Enough about politics! Let's talk about love and marriage in the FC. Before those 2 things, you have to meet the right person. That ain't easy. Take it from me. I endured 6 years of FC dating hell before I met my husband. It can be difficult to meet a mate in the FC. That's why I'm posting about it: I need readers to add tips to the few that I have. Let's pool our knowledge.

First, why is it so hard to meet a mate in the FC?
1. There aren't that many social gathering places besides bars. Bars are loud, and people tend to go in groups and not talk to other groups. Also, alcohol makes quality interactions less likely.
2. This is the suburbs. A lot of people are already married, so single people have fewer friends to go out with. Everyone knows that married people just sit at home.
3. I'm not really sure why else. I think many of us are complicated over-achievers with way too high standards.

My tips for meeting a mate:
1. Do go out to bars, even if it sucks. It's good practice talking to people. Try a fun bar like Tigin on a Tuesday, when Trivia is happening. I meet boatloads of people when I go to Trivia, but it's the single people who should be working it, not me. I look around at all the UBS dudes at the bar at Tigin and think, where the hell are the single ladies who should be all over them?
2. Work your connections. Don't be shy. Let your older coworkers know that you are dating; they might hook you up.
3. I've met nice friends on meetup.com. You could probably meet a mate through that.
4. Fairfield County Happy Hour Club!
5. Understand the role of chance, and get your ass out there. My friend once met a nice guy in an elevator at the Greenwich Library. She was checking out kids' books, he was studying for some accounting test. They were a bad match, but he was a good guy. The "friend" is actually me, but I don't want to talk about old boyfriends in front of my husband- even though he recently told me he usually only reads the beginnings of my posts, so who knows if he'll even read this far.
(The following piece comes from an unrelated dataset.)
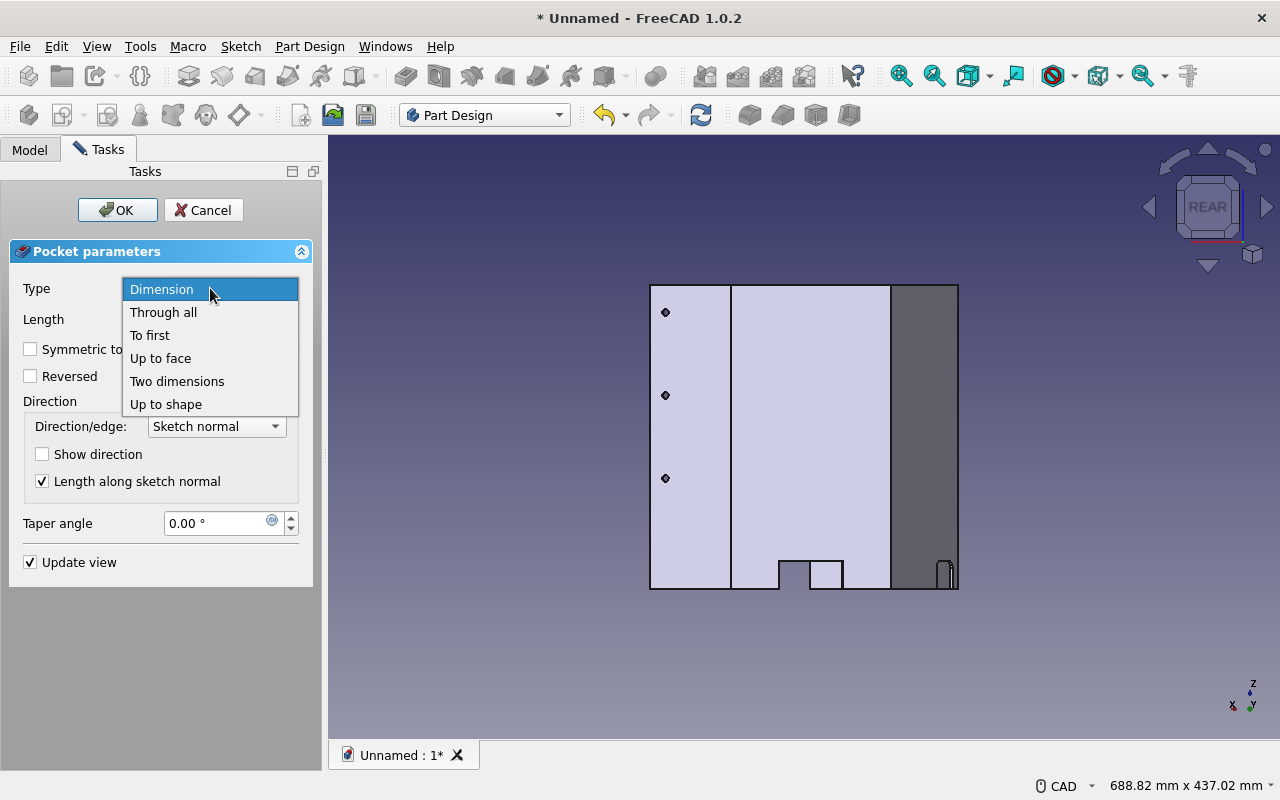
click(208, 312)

The "get your ass out there" method works. I met my husband randomly through a roommate of mine who neither of us was very good friends with. The roomie invited a bunch of people out for lunch after a business school test she was taking. I had nothing to do, so figured I might as well have lunch with her before going to the gym. One man showed up, a guy she'd met out at the bars through a guy we'll call "The Baker." My soon-to-be boyfriend/husband was The Baker's neighbor, and he had gone out with The Baker a few times. See why it's important to go out? If my husband had not gone out to lame Stamford bars with his neighbor, we never would have met. Also, if my husband and I had been lazy and not gone out for a possibly lame lunch, we never would have met. That's freaking scary. (Photo: The happy couple, in photobooth with "rollercoaster" background. I'm trying to make my husband wave his arms like he's on a rollercoaster. As usual, he tries to play it cool.)

Essentially, I'm telling you that you have to endure hell and loneliness to meet people in the FC, but that it should pay off in the end. If you can't wait a few years, move to Boston or NYC.
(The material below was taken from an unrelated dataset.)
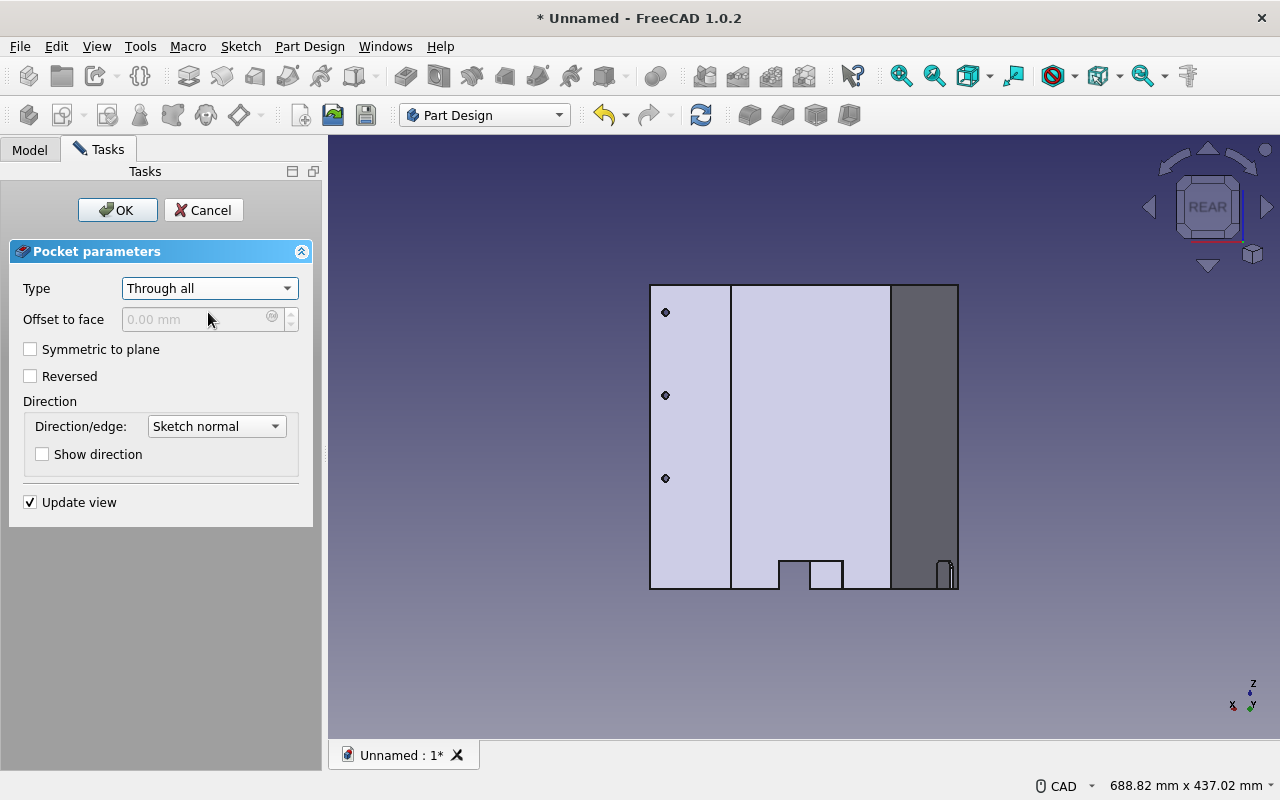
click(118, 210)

Related Stamford Talk posts:
--June 2008-- Socializing Opps with FC Happy Hour Club
--February 2008-- The Best Way to Meet People in Stamford!
--January 2008-- Stamford's Single Women: Where Are You?
--August 2007-- It's Easy to Meet People at Tuesday Trivia

10 comments:

Anonymous said...

A friend of mine..laste 20's at the time lived in Greewich and Stamford over 5yrs...RARELY dated any women even though he was out 2-3 nights a week. Moved to NYC for a year and had nights were he had to pick whch one to bring home.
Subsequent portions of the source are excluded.